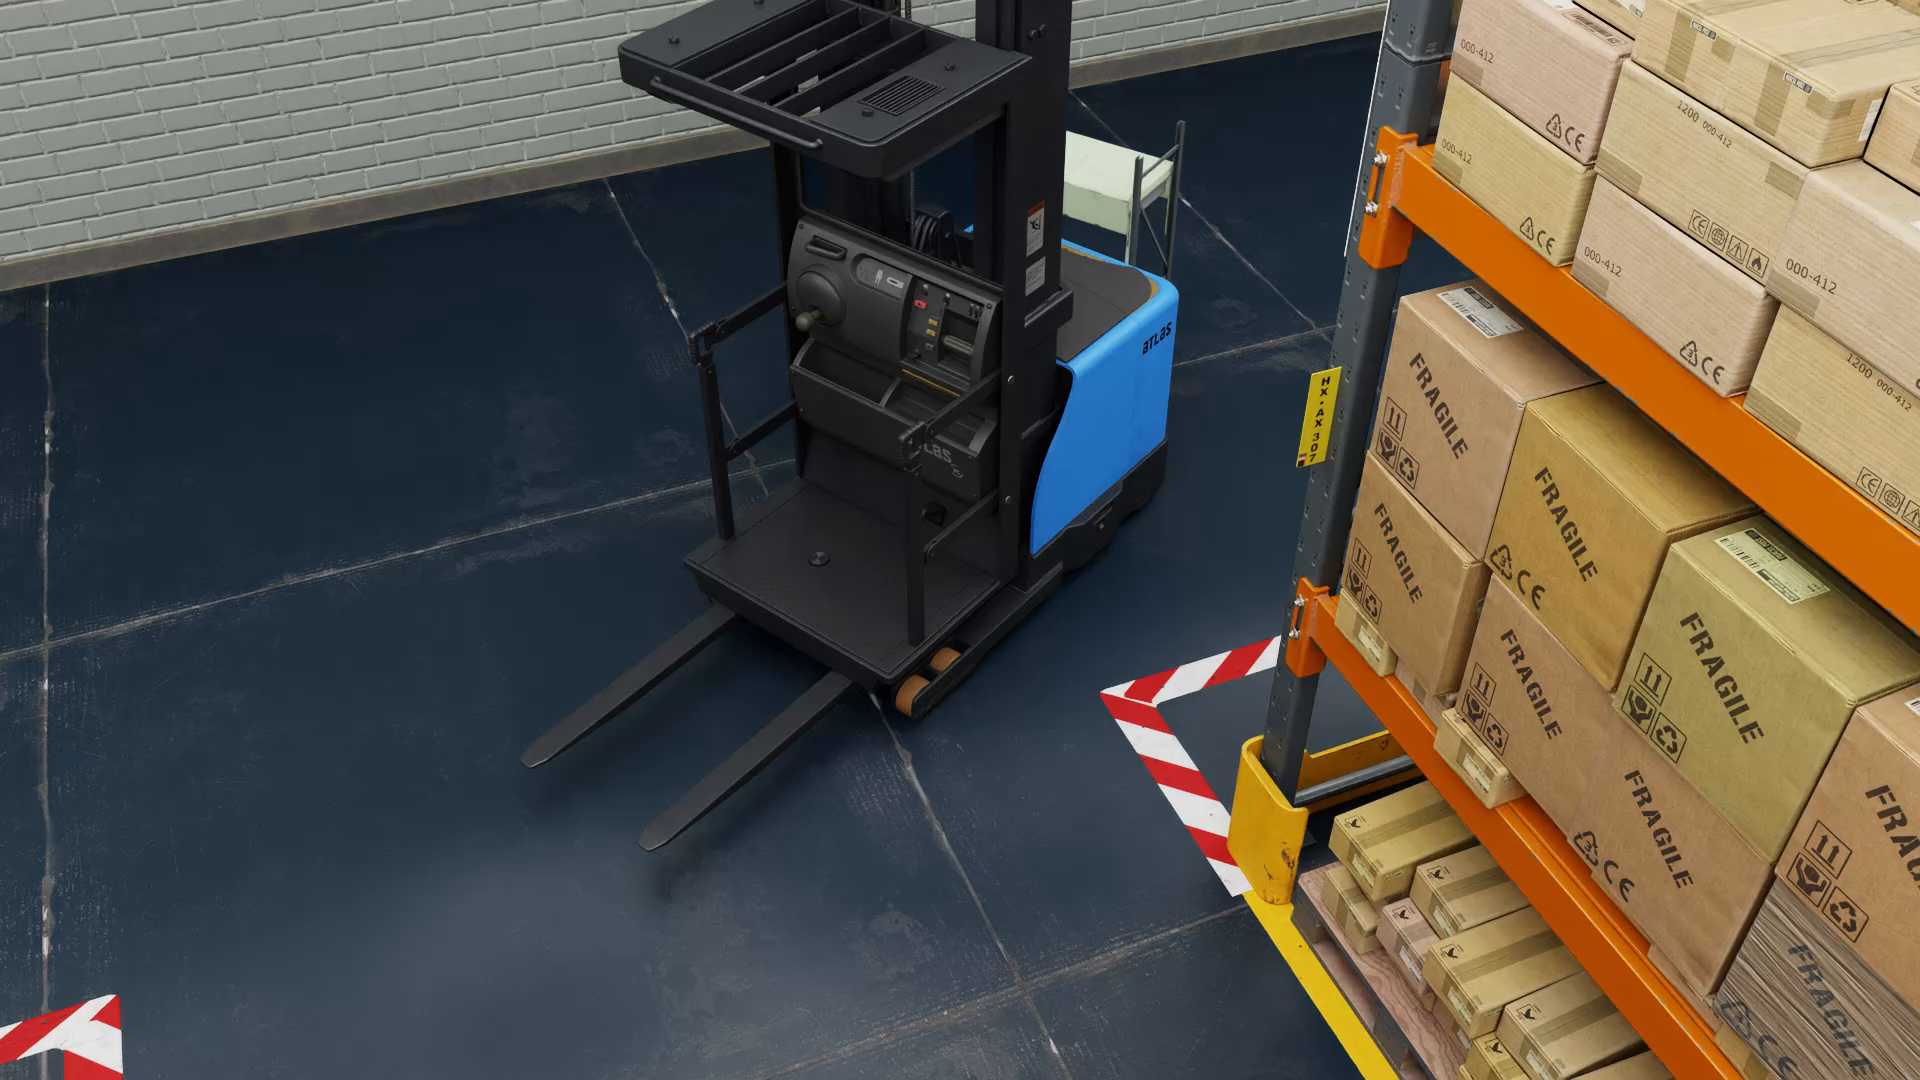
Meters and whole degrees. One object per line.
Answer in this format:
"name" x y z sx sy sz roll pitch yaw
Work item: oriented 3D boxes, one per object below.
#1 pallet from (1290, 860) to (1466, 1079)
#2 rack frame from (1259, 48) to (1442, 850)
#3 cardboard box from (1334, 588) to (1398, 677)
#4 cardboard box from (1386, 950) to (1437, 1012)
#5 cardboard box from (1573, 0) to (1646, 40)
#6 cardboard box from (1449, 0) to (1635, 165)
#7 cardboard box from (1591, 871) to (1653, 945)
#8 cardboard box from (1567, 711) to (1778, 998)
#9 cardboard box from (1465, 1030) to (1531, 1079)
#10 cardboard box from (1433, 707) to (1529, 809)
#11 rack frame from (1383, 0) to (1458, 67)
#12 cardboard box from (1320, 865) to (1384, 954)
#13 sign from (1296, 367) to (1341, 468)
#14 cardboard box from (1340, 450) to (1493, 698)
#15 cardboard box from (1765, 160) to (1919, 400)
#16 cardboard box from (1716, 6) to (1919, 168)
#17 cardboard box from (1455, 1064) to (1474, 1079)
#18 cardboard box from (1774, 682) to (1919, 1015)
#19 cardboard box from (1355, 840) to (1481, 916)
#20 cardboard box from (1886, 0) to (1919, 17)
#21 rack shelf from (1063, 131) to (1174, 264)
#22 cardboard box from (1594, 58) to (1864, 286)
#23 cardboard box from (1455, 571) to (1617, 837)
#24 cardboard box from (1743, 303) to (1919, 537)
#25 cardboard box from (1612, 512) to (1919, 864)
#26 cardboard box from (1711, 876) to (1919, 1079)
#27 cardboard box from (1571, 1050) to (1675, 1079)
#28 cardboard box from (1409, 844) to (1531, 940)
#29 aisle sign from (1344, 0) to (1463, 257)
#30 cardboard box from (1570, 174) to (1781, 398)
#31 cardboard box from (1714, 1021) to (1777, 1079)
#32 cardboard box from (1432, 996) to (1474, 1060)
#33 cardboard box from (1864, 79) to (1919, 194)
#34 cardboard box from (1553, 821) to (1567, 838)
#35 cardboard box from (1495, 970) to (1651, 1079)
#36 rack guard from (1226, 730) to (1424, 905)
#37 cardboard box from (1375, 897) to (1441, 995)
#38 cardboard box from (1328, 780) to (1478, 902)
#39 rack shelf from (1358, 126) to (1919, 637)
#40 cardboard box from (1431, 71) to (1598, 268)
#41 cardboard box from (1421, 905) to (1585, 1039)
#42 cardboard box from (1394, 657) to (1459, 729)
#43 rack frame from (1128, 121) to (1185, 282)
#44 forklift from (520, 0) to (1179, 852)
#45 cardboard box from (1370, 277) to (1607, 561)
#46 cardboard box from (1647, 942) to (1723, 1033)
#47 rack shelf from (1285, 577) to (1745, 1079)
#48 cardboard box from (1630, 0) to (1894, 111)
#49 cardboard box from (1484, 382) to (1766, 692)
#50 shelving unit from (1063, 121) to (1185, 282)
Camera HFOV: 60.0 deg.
"pallet" 1.821 1.451 5.401 1.003 0.211 1.213 -15 43 -17
"rack frame" 1.514 -0.150 5.124 1.000 3.000 0.127 -15 43 -17
"cardboard box" 1.335 0.222 4.884 0.380 0.149 0.250 -15 43 -17
"cardboard box" 1.595 1.304 5.297 0.380 0.149 0.250 -15 43 -17
"cardboard box" 1.509 -1.162 3.426 0.380 0.149 0.250 -13 42 -15
"cardboard box" 1.446 -1.085 3.642 0.500 0.250 0.500 -14 43 -16
"cardboard box" 1.831 0.832 4.175 0.380 0.149 0.250 -16 43 -17
"cardboard box" 1.835 0.653 3.886 0.500 0.500 0.500 -15 43 -16
"cardboard box" 1.703 1.524 4.813 0.380 0.149 0.250 -14 43 -16
"cardboard box" 1.524 0.540 4.514 0.380 0.149 0.250 -16 43 -18
"rack frame" 1.514 -2.425 3.168 1.000 3.000 0.127 -15 43 -17
"cardboard box" 1.419 1.167 5.457 0.380 0.149 0.250 -14 43 -16
"sign" 1.013 -0.343 4.685 0.100 0.325 0.005 -15 43 -17
"cardboard box" 1.431 0.038 4.600 0.500 0.500 0.500 -13 42 -15
"cardboard box" 1.825 -0.470 2.927 0.500 0.250 0.500 -15 43 -16
"cardboard box" 1.637 -0.833 3.044 0.380 0.149 0.250 -15 43 -16
"cardboard box" 1.693 1.633 4.915 0.380 0.149 0.250 -15 43 -16
"cardboard box" 2.016 0.584 3.199 0.500 0.500 0.500 -16 43 -18
"cardboard box" 1.477 1.038 5.378 0.380 0.149 0.250 -13 42 -15
"cardboard box" 2.016 -1.117 3.374 0.380 0.149 0.250 -16 43 -18
"rack shelf" 0.523 -1.513 7.261 0.720 0.370 0.431 23 46 25
"cardboard box" 1.643 -0.777 3.284 0.500 0.250 0.500 -16 43 -17
"cardboard box" 1.659 0.354 4.233 0.500 0.500 0.500 -15 43 -17
"cardboard box" 1.856 -0.271 3.079 0.500 0.250 0.500 -16 43 -18
"cardboard box" 1.818 0.278 3.555 0.500 0.500 0.500 -16 43 -18
"cardboard box" 2.035 0.958 3.531 0.500 0.500 0.500 -16 43 -18
"cardboard box" 1.864 1.564 4.539 0.380 0.149 0.250 -14 43 -15
"cardboard box" 1.617 1.082 5.099 0.380 0.149 0.250 -14 43 -16
"aisle sign" 1.209 -1.105 4.241 0.394 0.787 0.004 -15 43 -17
"cardboard box" 1.647 -0.578 3.436 0.500 0.250 0.500 -14 43 -15
"cardboard box" 1.979 1.149 3.806 0.380 0.149 0.250 -14 43 -15
"cardboard box" 1.696 1.452 5.126 0.380 0.149 0.250 -15 43 -16
"cardboard box" 1.834 -0.705 2.894 0.380 0.149 0.250 -14 43 -16
"cardboard box" 1.750 0.662 4.372 0.380 0.149 0.250 -13 42 -15
"cardboard box" 1.767 1.395 4.736 0.380 0.149 0.250 -17 44 -19
"rack guard" 1.543 0.843 5.886 1.175 0.500 0.348 -15 43 -17
"cardboard box" 1.530 1.217 5.170 0.380 0.149 0.250 -15 43 -17
"cardboard box" 1.401 0.946 5.257 0.380 0.149 0.250 -17 44 -19
"rack shelf" 2.279 0.190 2.980 1.077 0.370 4.000 -15 43 -17
"cardboard box" 1.450 -0.897 3.807 0.500 0.250 0.500 -14 43 -15
"cardboard box" 1.595 1.266 4.886 0.380 0.149 0.250 -15 43 -17
"cardboard box" 1.471 0.365 4.718 0.380 0.149 0.250 -14 43 -15
"rack frame" 0.830 -1.087 7.363 0.023 1.500 0.400 23 46 25
"forklift" -0.389 -0.789 5.920 1.130 2.935 3.031 27 48 28
"cardboard box" 1.441 -0.344 4.277 0.500 0.500 0.500 -15 43 -17
"cardboard box" 1.899 0.987 3.994 0.380 0.149 0.250 -16 43 -18
"rack shelf" 2.279 1.327 3.958 1.077 0.370 4.000 -15 43 -17
"cardboard box" 1.545 -0.980 3.214 0.380 0.149 0.250 -15 43 -17
"cardboard box" 1.640 -0.041 3.926 0.500 0.500 0.500 -14 43 -16
"shelving unit" 0.523 -1.217 7.515 0.755 1.500 0.431 23 46 25
----------
*Task to complete*
Using the data above, print exactly the lines from the line that contains "Answer in this" through the line that contains "#14 cardboard box", with both included.

*Your solution*
Answer in this format:
"name" x y z sx sy sz roll pitch yaw
Work item: oriented 3D boxes, one per object below.
#1 pallet from (1290, 860) to (1466, 1079)
#2 rack frame from (1259, 48) to (1442, 850)
#3 cardboard box from (1334, 588) to (1398, 677)
#4 cardboard box from (1386, 950) to (1437, 1012)
#5 cardboard box from (1573, 0) to (1646, 40)
#6 cardboard box from (1449, 0) to (1635, 165)
#7 cardboard box from (1591, 871) to (1653, 945)
#8 cardboard box from (1567, 711) to (1778, 998)
#9 cardboard box from (1465, 1030) to (1531, 1079)
#10 cardboard box from (1433, 707) to (1529, 809)
#11 rack frame from (1383, 0) to (1458, 67)
#12 cardboard box from (1320, 865) to (1384, 954)
#13 sign from (1296, 367) to (1341, 468)
#14 cardboard box from (1340, 450) to (1493, 698)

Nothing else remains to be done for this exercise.